Build the funstions to convert from smile to rdkit molecule object and to extract the Morgan Fingerprints out of that molecule object. In two different functions.

In [None]:
# We need a function that converts smile to rdkit molecule and get their fingerprints

def _smile_2_mol(smile):
    """Helper function to convert smile to rdkit mol"""
    return

def _morgan_representation(mol, radius=6):
    """Helper function to convert smile to morgan finger prints"""
    return

def _save_model(model, filename="./best_model.pkl"):
    """Helper function to save a model into a pickle file"""
    with open(filename, "wb") as p_file:
        pickle.dump(model, p_file)
    p_file.close()
    return

def _load_model(filename):
    """Helper function load a ml model from pickle file"""
    with open(filename, "rb") as p_file:
        model = pickle.load(p_file)
    p_file.close()
    return model

## 3.0 Process the training data

Now use the previuous function to actually convert the dataset into Morgan fingerprints and store the representation and target in a dictionary.

In [None]:
# Collect fingerprint and target as dict
dataset = {"rep": [], "target": []}


In [None]:
# Arrays for input and target
x_tox21 = np.array(dataset["rep"])
y_tox21 = np.array(dataset["target"])

## 4.0 Train the model

Implement the code to train a given model using `KFold` strategy and to save the best model as pickle file.

In [None]:
# In this case, we are gonna use logistic regressor as the model
from sklearn.model_selection import train_test_split, KFold, cross_val_score


## 5.0 Process the test data for TOX21

Do the same as you did for the training dataset but for the test dataset, so you can see the actual accuracy of your model in this new dataset

In [None]:
# Convert df smile and target as lists
smile_test_list = tox_test["smile"].tolist()
target_test_list = tox_test["target"].tolist()

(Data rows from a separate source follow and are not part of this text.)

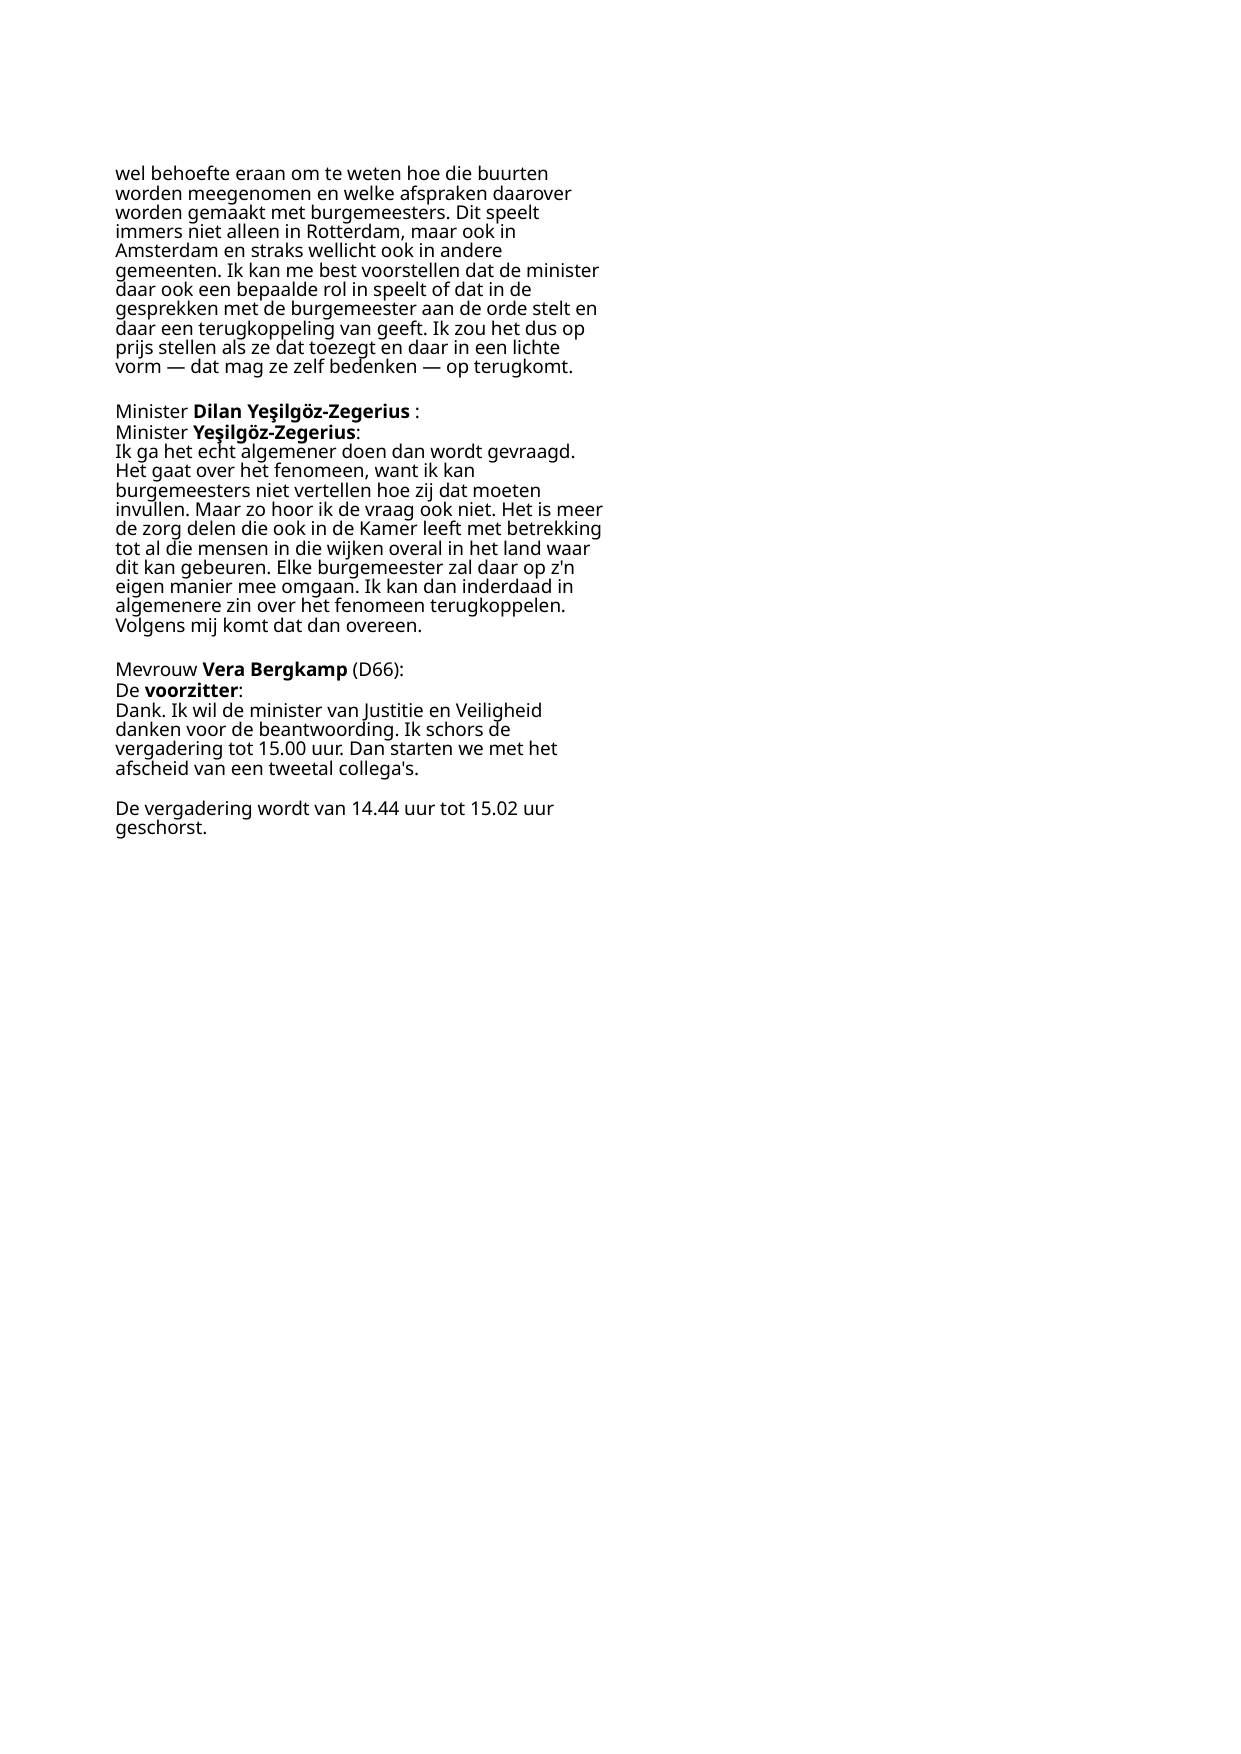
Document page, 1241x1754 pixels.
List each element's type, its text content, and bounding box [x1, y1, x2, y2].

text Dank. Ik wil de minister van Justitie en Veiligheid danken voor de beantwoording. Ik schors de vergadering tot 15.00 uur. Dan starten we met het afscheid van een tweetal collega's. [115, 702, 605, 779]
text De voorzitter: [115, 682, 605, 702]
text Minister Yeşilgöz-Zegerius: [115, 424, 605, 443]
text wel behoefte eraan om te weten hoe die buurten worden meegenomen en welke afspraken daarover worden gemaakt met burgemeesters. Dit speelt immers niet alleen in Rotterdam, maar ook in Amsterdam en straks wellicht ook in andere gemeenten. Ik kan me best voorstellen dat de minister daar ook een bepaalde rol in speelt of dat in de gesprekken met de burgemeester aan de orde stelt en daar een terugkoppeling van geeft. Ik zou het dus op prijs stellen als ze dat toezegt en daar in een lichte vorm — dat mag ze zelf bedenken — op terugkomt. [115, 165, 605, 377]
text De vergadering wordt van 14.44 uur tot 15.02 uur geschorst. [115, 799, 605, 838]
text Ik ga het echt algemener doen dan wordt gevraagd. Het gaat over het fenomeen, want ik kan burgemeesters niet vertellen hoe zij dat moeten invullen. Maar zo hoor ik de vraag ook niet. Het is meer de zorg delen die ook in de Kamer leeft met betrekking tot al die mensen in die wijken overal in het land waar dit kan gebeuren. Elke burgemeester zal daar op z'n eigen manier mee omgaan. Ik kan dan inderdaad in algemenere zin over het fenomeen terugkoppelen. Volgens mij komt dat dan overeen. [115, 443, 605, 636]
text Mevrouw Vera Bergkamp (D66): [115, 657, 605, 682]
text Minister Dilan Yeşilgöz-Zegerius : [115, 398, 605, 424]
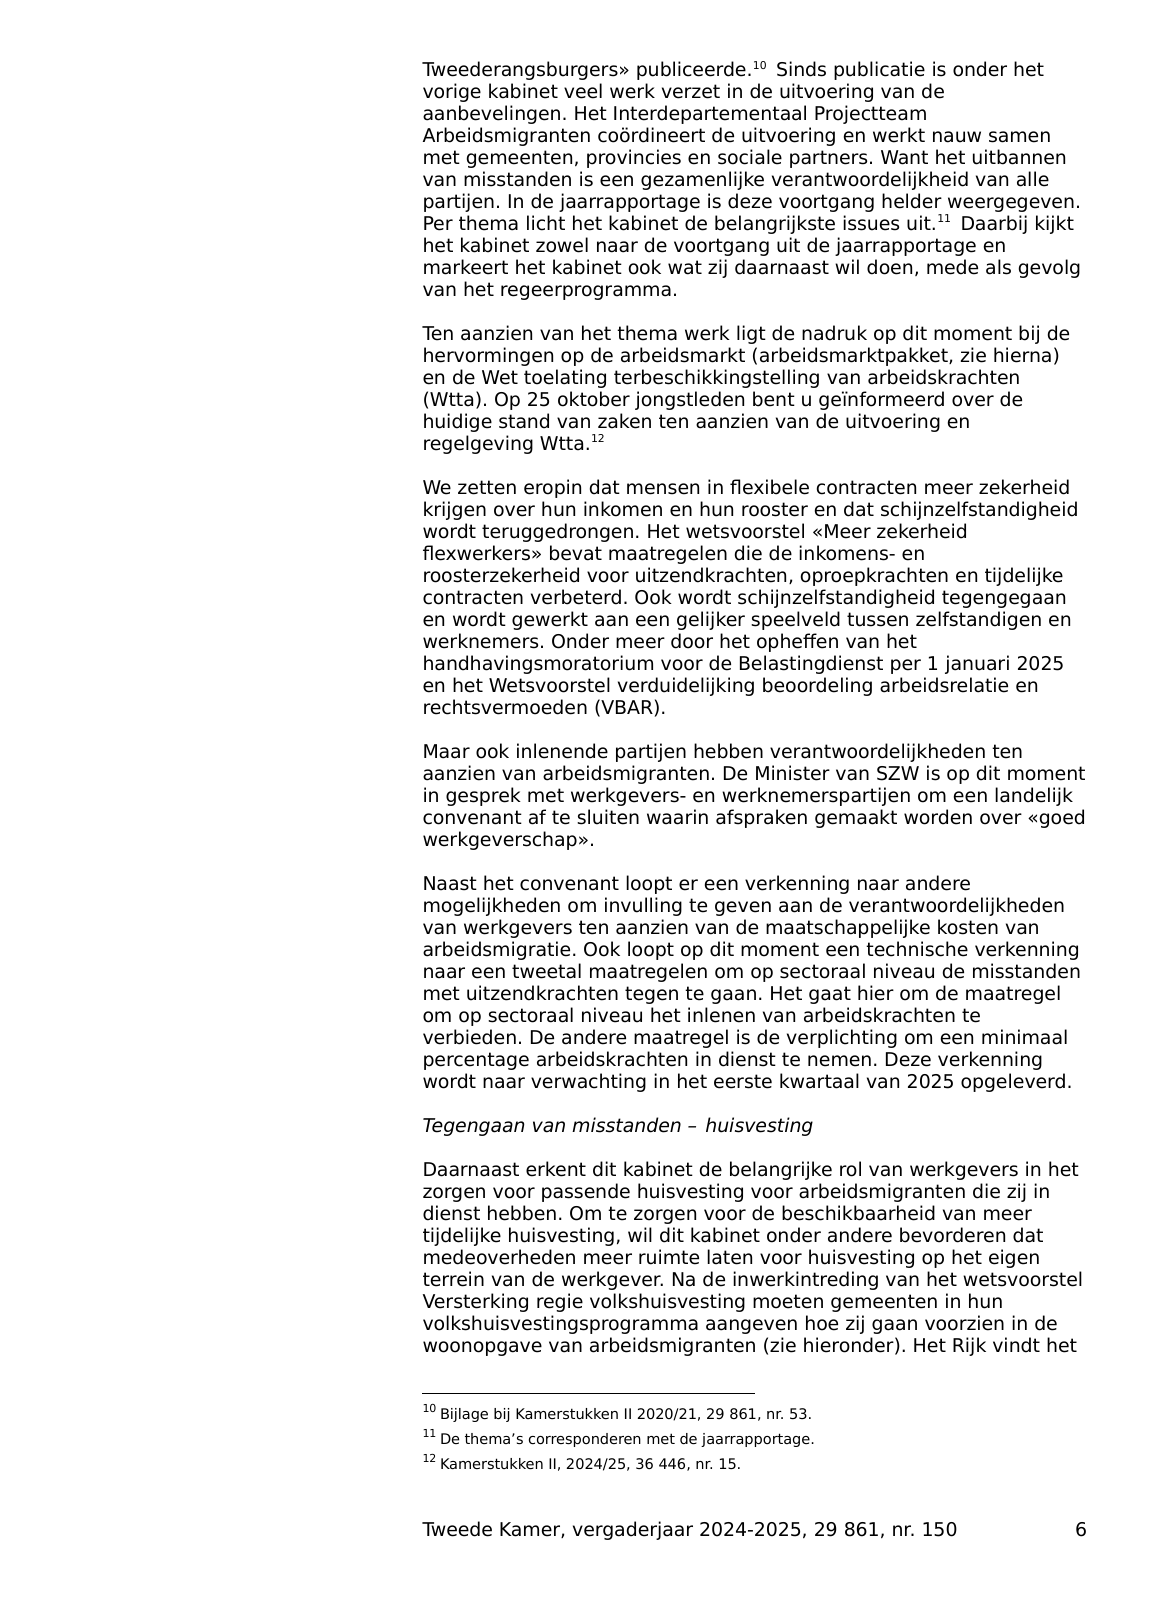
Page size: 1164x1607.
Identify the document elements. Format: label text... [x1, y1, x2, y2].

subtitle Tegengaan van misstanden – huisvesting [422, 1115, 1087, 1137]
text Daarnaast erkent dit kabinet de belangrijke rol van werkgevers in het zorgen voor passende huisvesting voor arbeidsmigranten die zij in dienst hebben. Om te zorgen voor de beschikbaarheid van meer tijdelijke huisvesting, wil dit kabinet onder andere bevorderen dat medeoverheden meer ruimte laten voor huisvesting op het eigen terrein van de werkgever. Na de inwerkintreding van het wetsvoorstel Versterking regie volkshuisvesting moeten gemeenten in hun volkshuisvestingsprogramma aangeven hoe zij gaan voorzien in de woonopgave van arbeidsmigranten (zie hieronder). Het Rijk vindt het [422, 1159, 1087, 1357]
text Bijlage bij Kamerstukken II 2020/21, 29 861, nr. 53. [422, 1402, 1087, 1424]
text We zetten eropin dat mensen in flexibele contracten meer zekerheid krijgen over hun inkomen en hun rooster en dat schijnzelfstandigheid wordt teruggedrongen. Het wetsvoorstel «Meer zekerheid flexwerkers» bevat maatregelen die de inkomens- en roosterzekerheid voor uitzendkrachten, oproepkrachten en tijdelijke contracten verbeterd. Ook wordt schijnzelfstandigheid tegengegaan en wordt gewerkt aan een gelijker speelveld tussen zelfstandigen en werknemers. Onder meer door het opheffen van het handhavingsmoratorium voor de Belastingdienst per 1 januari 2025 en het Wetsvoorstel verduidelijking beoordeling arbeidsrelatie en rechtsvermoeden (VBAR). [422, 477, 1087, 719]
text Maar ook inlenende partijen hebben verantwoordelijkheden ten aanzien van arbeidsmigranten. De Minister van SZW is op dit moment in gesprek met werkgevers- en werknemerspartijen om een landelijk convenant af te sluiten waarin afspraken gemaakt worden over «goed werkgeverschap». [422, 741, 1087, 851]
text Naast het convenant loopt er een verkenning naar andere mogelijkheden om invulling te geven aan de verantwoordelijkheden van werkgevers ten aanzien van de maatschappelijke kosten van arbeidsmigratie. Ook loopt op dit moment een technische verkenning naar een tweetal maatregelen om op sectoraal niveau de misstanden met uitzendkrachten tegen te gaan. Het gaat hier om de maatregel om op sectoraal niveau het inlenen van arbeidskrachten te verbieden. De andere maatregel is de verplichting om een minimaal percentage arbeidskrachten in dienst te nemen. Deze verkenning wordt naar verwachting in het eerste kwartaal van 2025 opgeleverd. [422, 873, 1087, 1093]
text Ten aanzien van het thema werk ligt de nadruk op dit moment bij de hervormingen op de arbeidsmarkt (arbeidsmarktpakket, zie hierna) en de Wet toelating terbeschikkingstelling van arbeidskrachten (Wtta). Op 25 oktober jongstleden bent u geïnformeerd over de huidige stand van zaken ten aanzien van de uitvoering en regelgeving Wtta. [422, 323, 1087, 455]
text De thema’s corresponderen met de jaarrapportage. [422, 1427, 1087, 1449]
text Tweederangsburgers» publiceerde. Sinds publicatie is onder het vorige kabinet veel werk verzet in de uitvoering van de aanbevelingen. Het Interdepartementaal Projectteam Arbeidsmigranten coördineert de uitvoering en werkt nauw samen met gemeenten, provincies en sociale partners. Want het uitbannen van misstanden is een gezamenlijke verantwoordelijkheid van alle partijen. In de jaarrapportage is deze voortgang helder weergegeven. Per thema licht het kabinet de belangrijkste issues uit. Daarbij kijkt het kabinet zowel naar de voortgang uit de jaarrapportage en markeert het kabinet ook wat zij daarnaast wil doen, mede als gevolg van het regeerprogramma. [422, 59, 1087, 301]
text Kamerstukken II, 2024/25, 36 446, nr. 15. [422, 1452, 1087, 1474]
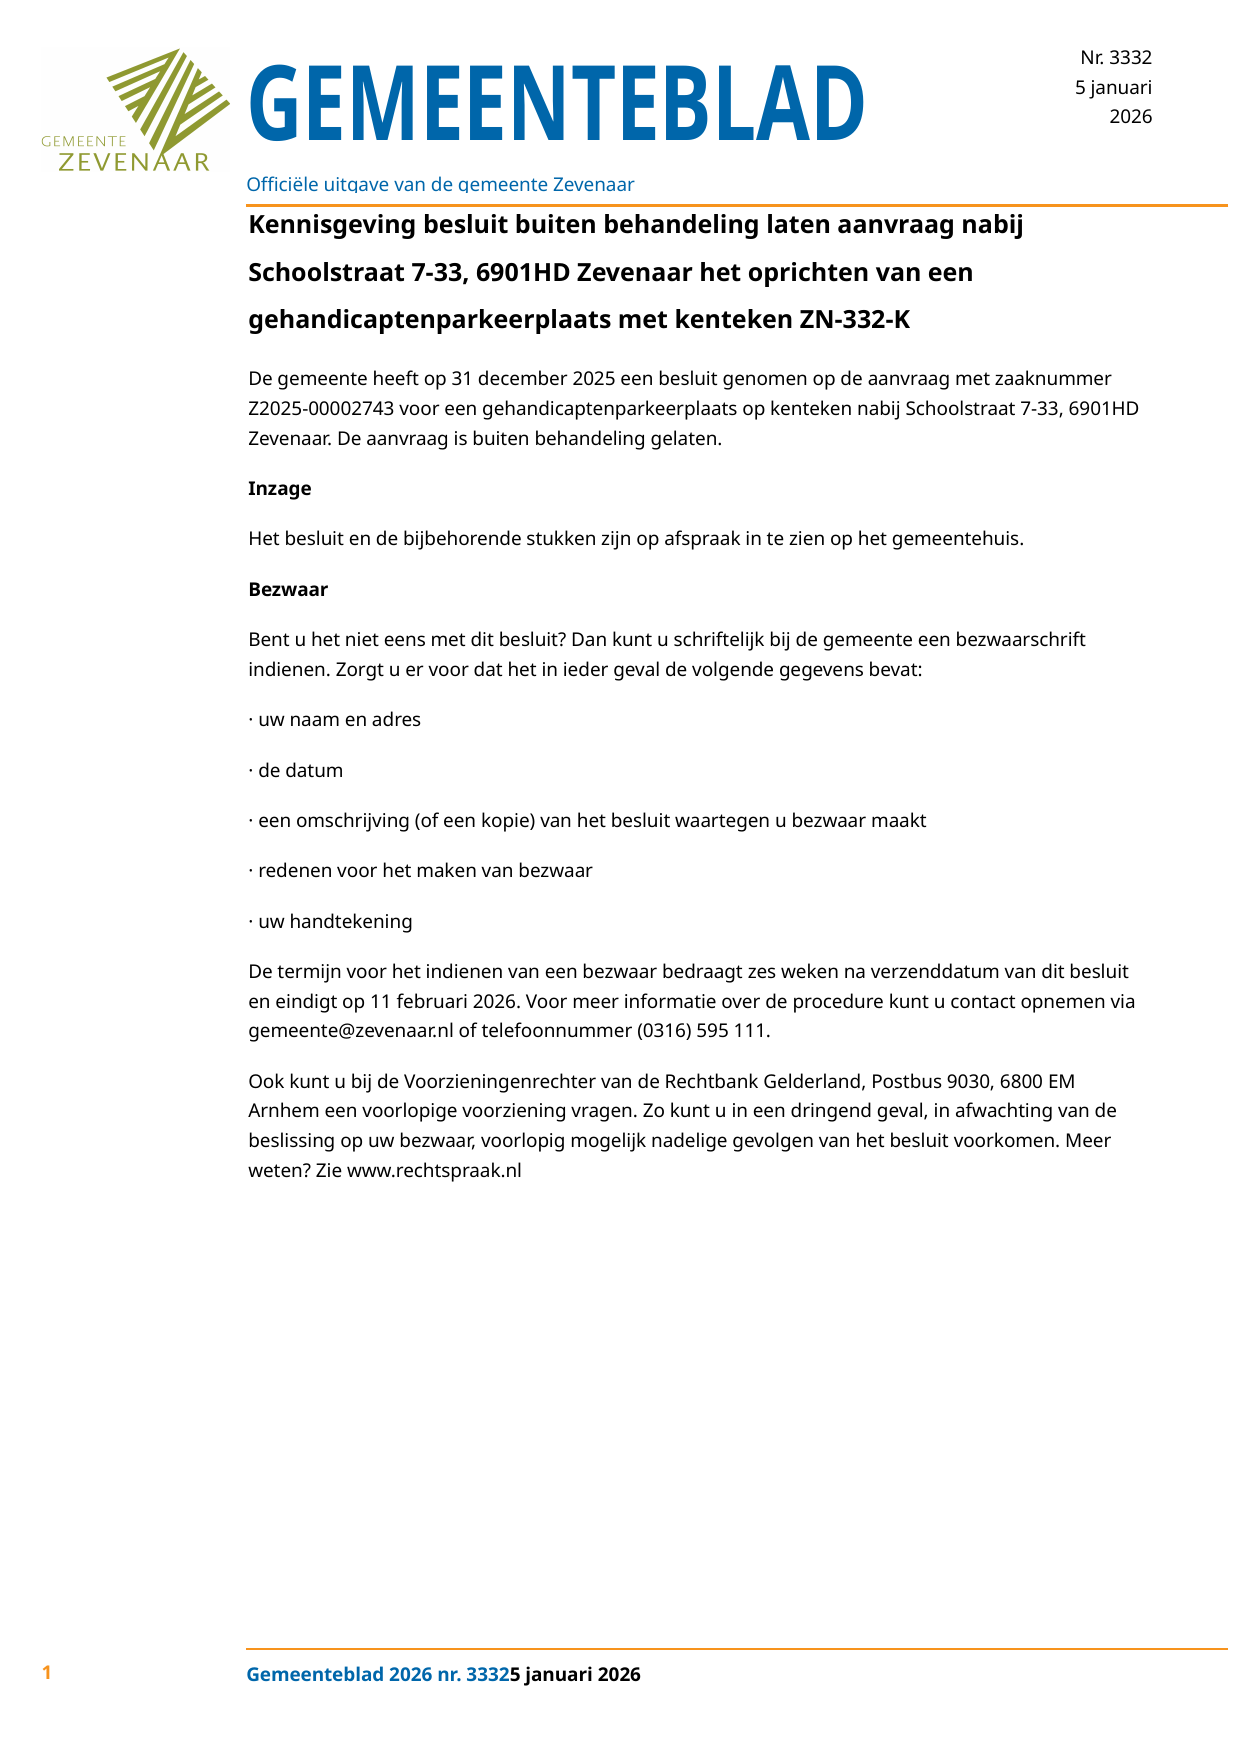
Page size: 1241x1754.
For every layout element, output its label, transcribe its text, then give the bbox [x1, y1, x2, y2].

text Inzage [248, 475, 1152, 501]
text Het besluit en de bijbehorende stukken zijn op afspraak in te zien op het gemeentehuis. [248, 526, 1152, 551]
text De termijn voor het indienen van een bezwaar bedraagt zes weken na verzenddatum van dit besluit en eindigt op 11 februari 2026. Voor meer informatie over de procedure kunt u contact opnemen via gemeente@zevenaar.nl of telefoonnummer (0316) 595 111. [248, 958, 1152, 1043]
text · redenen voor het maken van bezwaar [248, 858, 1152, 883]
text · uw handtekening [248, 908, 1152, 934]
text · uw naam en adres [248, 706, 1152, 732]
text Ook kunt u bij de Voorzieningenrechter van de Rechtbank Gelderland, Postbus 9030, 6800 EM Arnhem een voorlopige voorziening vragen. Zo kunt u in een dringend geval, in afwachting van de beslissing op uw bezwaar, voorlopig mogelijk nadelige gevolgen van het besluit voorkomen. Meer weten? Zie www.rechtspraak.nl [248, 1068, 1152, 1182]
picture [41, 47, 231, 172]
text Bezwaar [248, 576, 1152, 602]
text Bent u het niet eens met dit besluit? Dan kunt u schriftelijk bij de gemeente een bezwaarschrift indienen. Zorgt u er voor dat het in ieder geval de volgende gegevens bevat: [248, 626, 1152, 682]
text De gemeente heeft op 31 december 2025 een besluit genomen op de aanvraag met zaaknummer Z2025-00002743 voor een gehandicaptenparkeerplaats op kenteken nabij Schoolstraat 7-33, 6901HD Zevenaar. De aanvraag is buiten behandeling gelaten. [248, 366, 1152, 450]
text Kennisgeving besluit buiten behandeling laten aanvraag nabij Schoolstraat 7-33, 6901HD Zevenaar het oprichten van een gehandicaptenparkeerplaats met kenteken ZN-332-K [248, 207, 1152, 336]
text · de datum [248, 757, 1152, 782]
text · een omschrijving (of een kopie) van het besluit waartegen u bezwaar maakt [248, 807, 1152, 833]

# Build the test dataset as a dict
dataset_test = {"rep": [], "target": []}


## 6.0 Load the best model

Load the best model using the `_load_model` function and assess the accuracy of your model with test dataset

In [None]:
# Best model
model = _load_model(filename="./best_model.pkl")
print(model)

In [None]:
# Performance
y_pred = model.predict(x_test_tox21)

print(f"The accuracy is {accuracy_score(y_pred, y_test_tox21)}")

## 7.0 Play with your model!

Use your model to predict whether caffefine and Pentaclorophenol is a toxic molecule or not!

In [None]:
# Caffeine
caffeine = Chem.MolFromSmiles("CN1C=NC2=C1C(=O)N(C(=O)N2C)C")
caff_img = Draw.MolToImage(caffeine)
display(caff_img)

In [None]:
# Convert mol to Finger prints


# Predict value


if caff_tox == 0:
    print("Caffeine is non-toxic!")
else:
    print("Caffeine is toxic!")

In [None]:
# Pentaclorophenol
cloro_phenol = Chem.MolFromSmiles("C1(=C(C(=C(C(=C1Cl)Cl)Cl)Cl)Cl)O")
cloro_phenol_img = Draw.MolToImage(cloro_phenol)
display(cloro_phenol_img)

In [None]:
# Convert mol to Finger prints


# Predict value


if cloro_phenol_tox == 0:
    print("Pentaclorophenol is non-toxic!")
else:
    print("Pentaclorophenol is toxic!")

Use this model to predict the toxicity of a molecular that you normally use in your lab!